For both storage and transport of whole blood from donor turtles, it is essential to understand optimal storage conditions for each species. However, little is known with respect to selecting optimal storage solutions for the preservation of donor sea turtle red blood cells (RBCs) prior to transfusion to a recipient turtle. Current pre-transfusion RBC storage recommendations have been extrapolated from studies conducted in humans, domestic mammals (e.g., dogs, cats, and horses), one American alligator study, and one anticoagulant short-term storage study in sea turtles.9,12,20,23
Studies evaluating preservation media for RBC storage typically evaluate RBCs stored in various commercial storage media (e.g., acid–citrate–dextrose, citrate–phosphate–dextrose, and citrate–phosphate–dextrose–adenine) over the course of 4–6 wk. It is well documented in the literature that damage occurs to RBCs during the course of storage.8 Cold storage of donor RBCs is notably associated with an increase in RBC osmotic fragility, RBC hemolysis, leakage of intracellular enzymes and electrolytes, and decreased ATP and 2,3-diphosphoglycerate synthesis.1,4,6 Moreover, prolonged cold storage and the effects of various anticoagulant-preservative solutions have been associated with increased RBC osmotic fragility across a broad range of species.3,7,11,19 Increased RBC fragility in stored RBC products has also been associated with acute transfusion reactions.16 In addition, hypercoagulability5 and endothelial damage18 are just a few of the potential adverse reactions associated with the transfusion of storage-damaged human RBCs.

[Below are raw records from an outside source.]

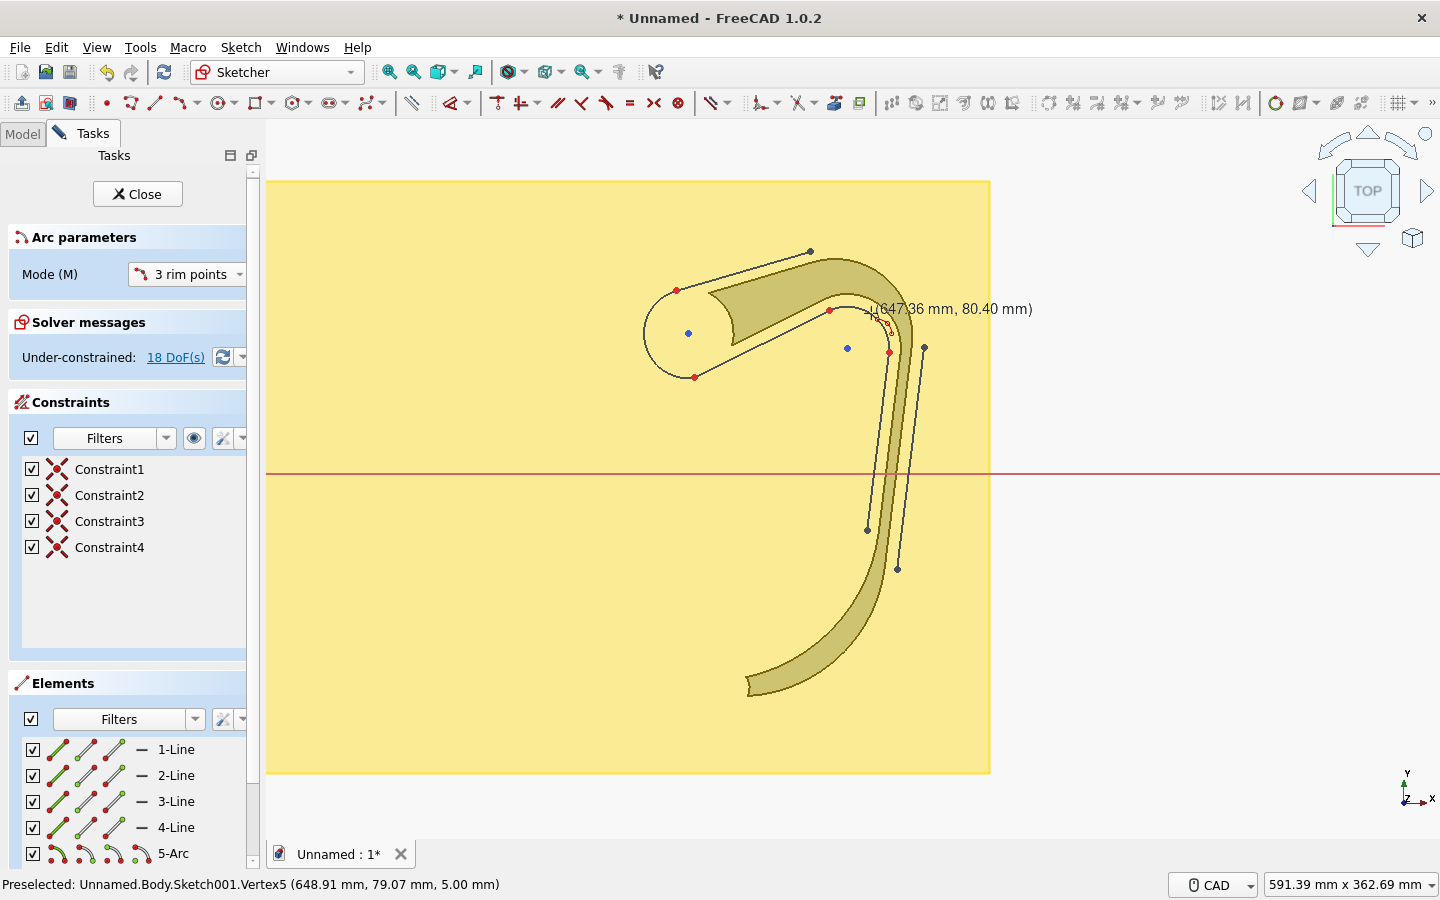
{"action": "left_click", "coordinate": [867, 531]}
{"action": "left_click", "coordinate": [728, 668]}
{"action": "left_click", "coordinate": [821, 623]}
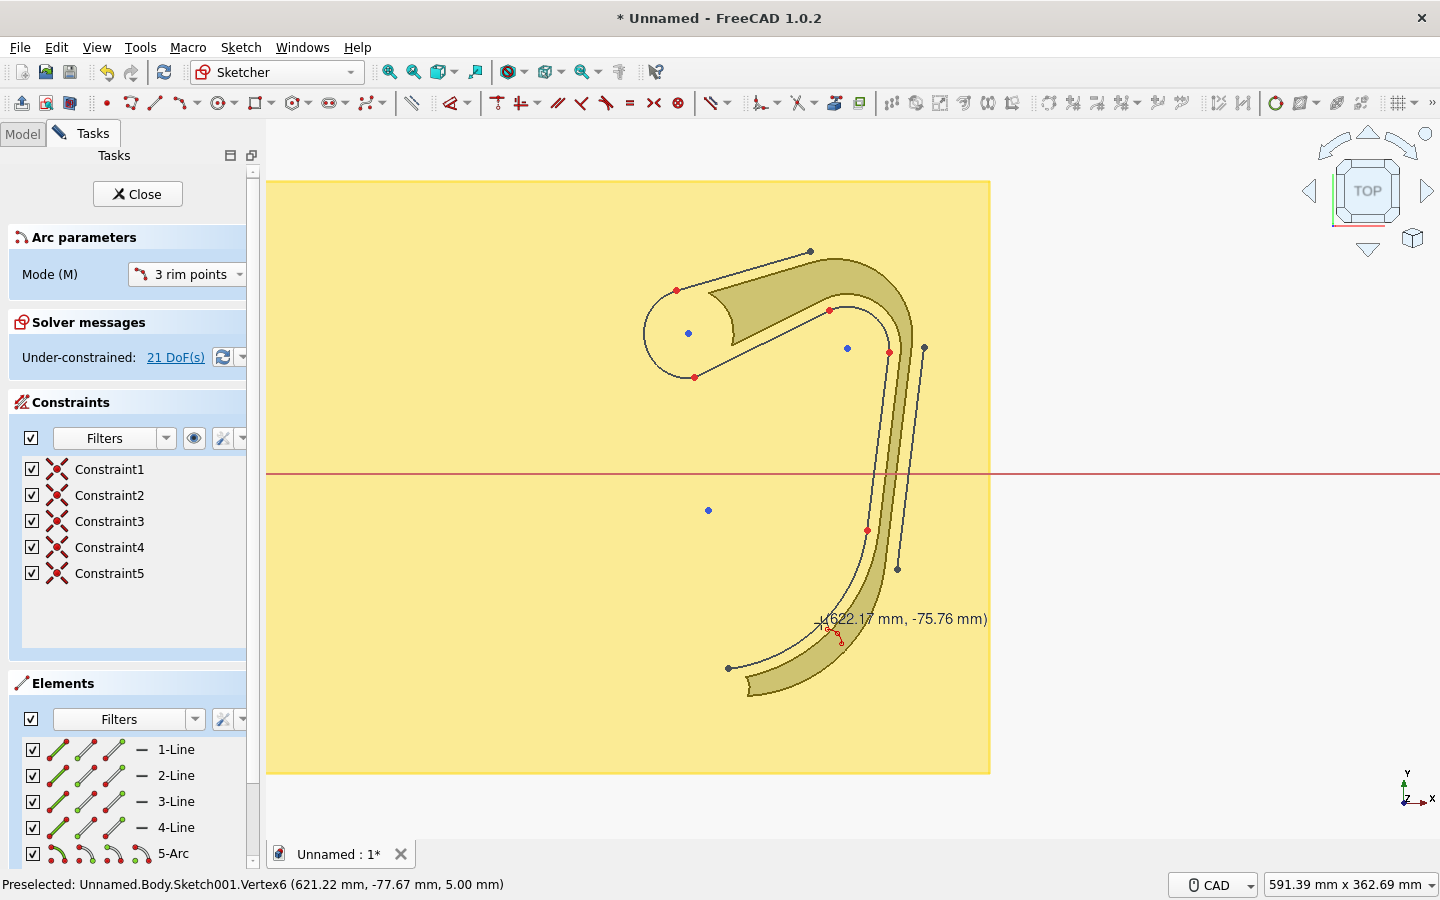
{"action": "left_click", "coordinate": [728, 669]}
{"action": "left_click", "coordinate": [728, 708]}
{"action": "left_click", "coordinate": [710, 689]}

When evaluating storage solutions, RBC osmotic fragility is utilized as a measure of RBC susceptibility to hemolysis, making knowledge of species-specific osmotic fragility critical to the development of proper storage protocols.4,14 To date, studies evaluating the osmotic fragility of Cc and Cm have not been reported. Our objective was to obtain baseline measurements for osmotic fragility in Cc and Cm. We tested the hypothesis that the osmotic fragilities of both Cc and Cm RBCs are similar.

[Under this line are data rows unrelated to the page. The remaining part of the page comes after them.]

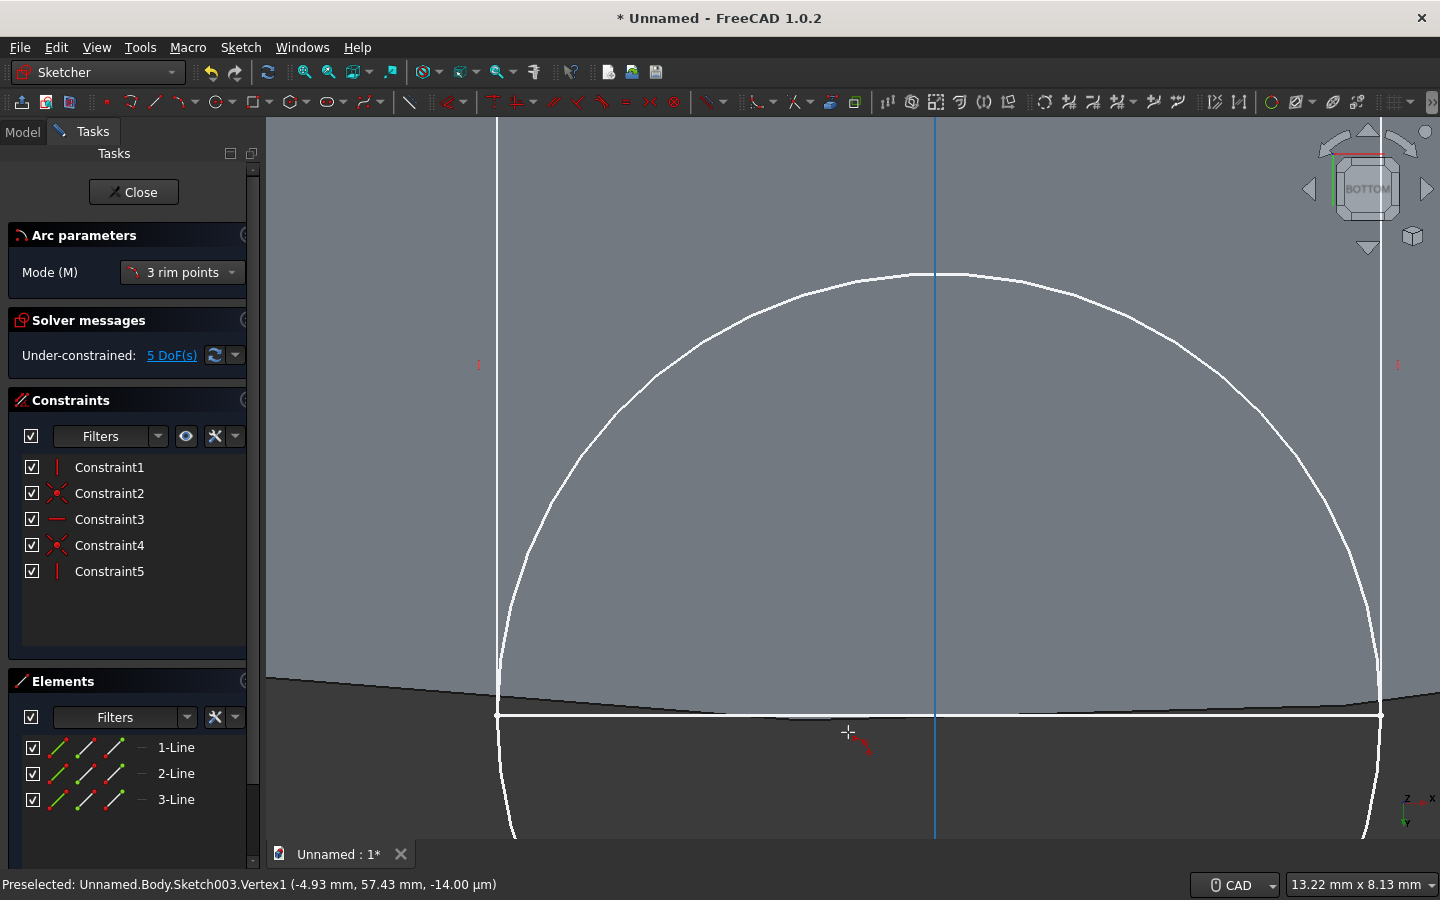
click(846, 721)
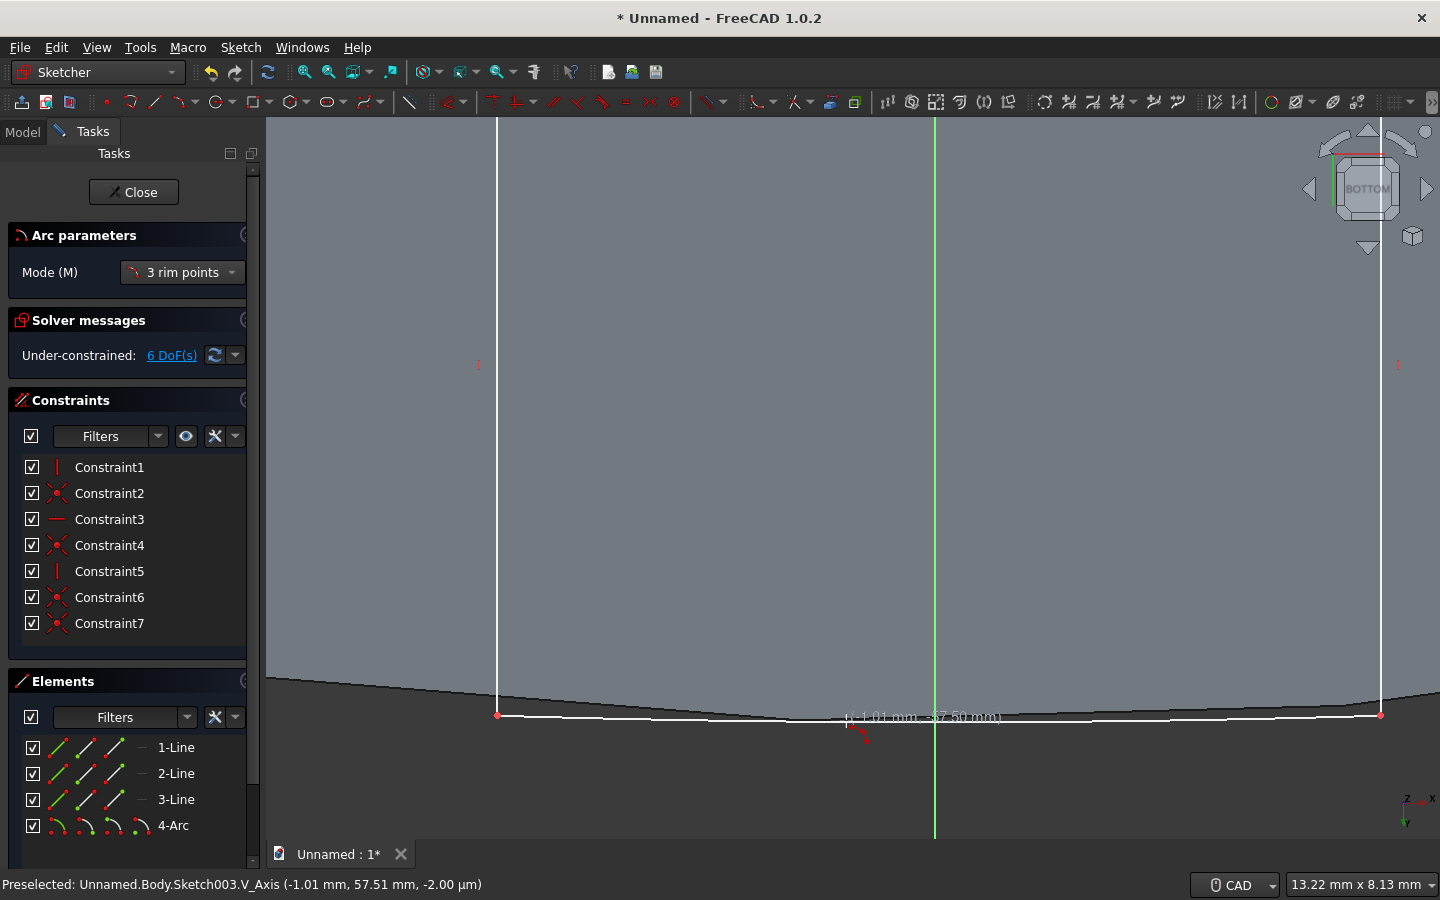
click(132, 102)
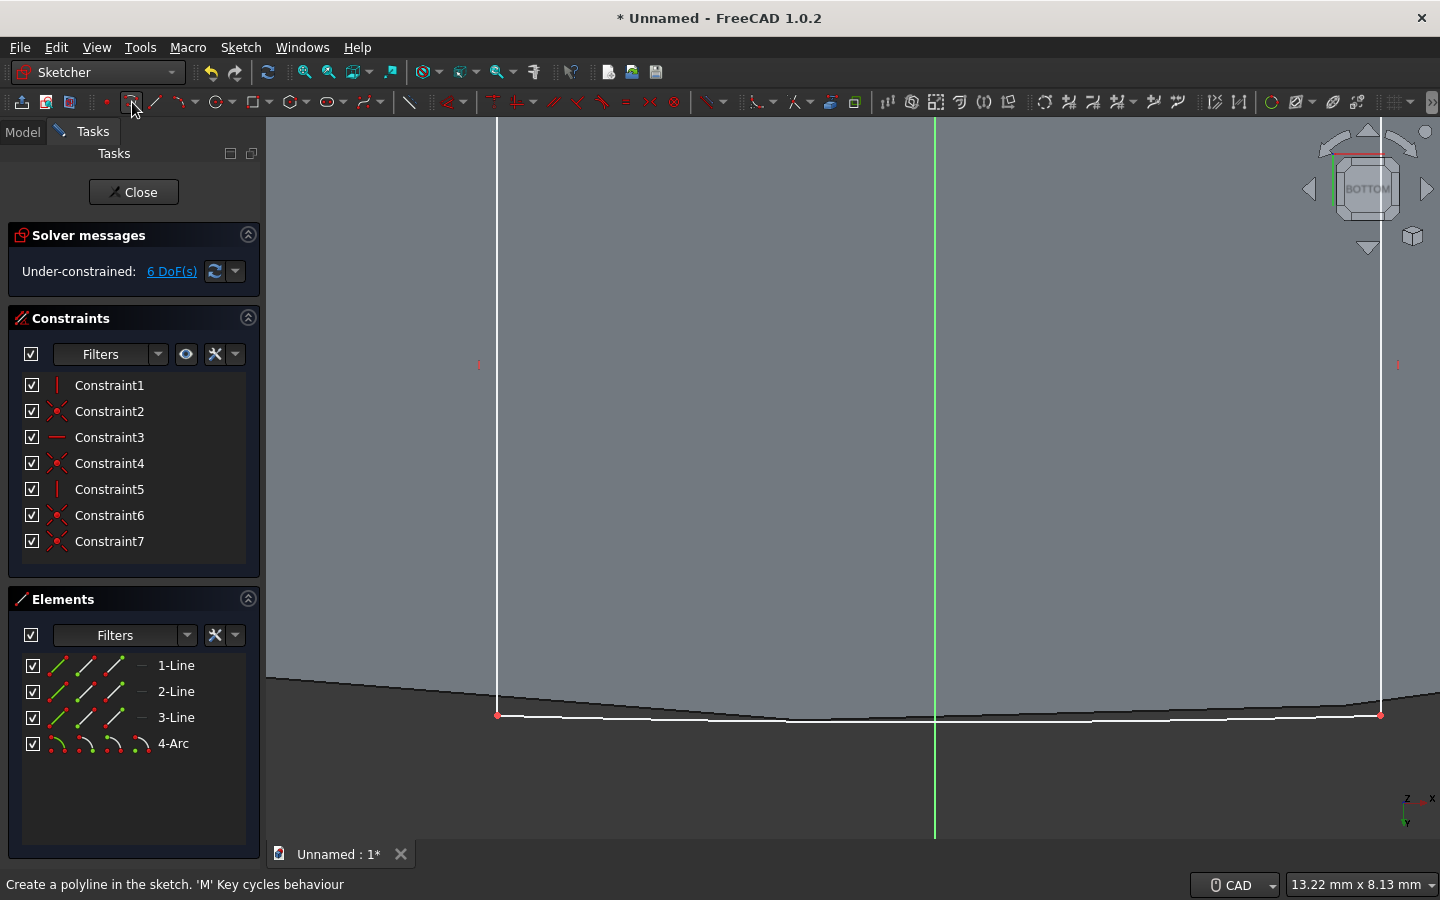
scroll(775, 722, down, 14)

For determination of osmotic fragility, whole blood was collected from 10 Cc to 10 Cm at The Turtle Hospital, Marathon, FL. Samples were collected in accordance with Florida Fish and Wildlife Conservation Commission Marine Turtle Permit 16-021B; the study was approved by the University of Florida Institutional Animal Care and Use Committee (Protocol 201406823). All study animals were deemed clinically healthy based on physical examination and absence of any clinicopathologic abnormalities based on complete blood count and serum biochemistry profile. Housing at The Turtle Hospital consists of large pools and tanks filled with water sourced from the nearby bay. Tanks are outdoors and open to the public during business hours. All turtles sampled were recovered patients at The Sea Turtle Hospital and either awaiting release or permanent residents at the hospital. Samples were collected from October 2016 through January 2017. Turtles were manually caught from their tanks and restrained for sampling. Based on notch-to-notch and notch-to-tip measurements, all turtles were adult, and of undetermined sex. From each turtle, after surgical cleaning of the venipuncture site, a venous blood sample (1.5 mL) was collected into a 3-mL lithium heparin blood collection tube (Vacutainer; Fisher Scientific) from either the right or left dorsal cervical sinus using a 21-ga, 5-cm needle and a 3-mL syringe.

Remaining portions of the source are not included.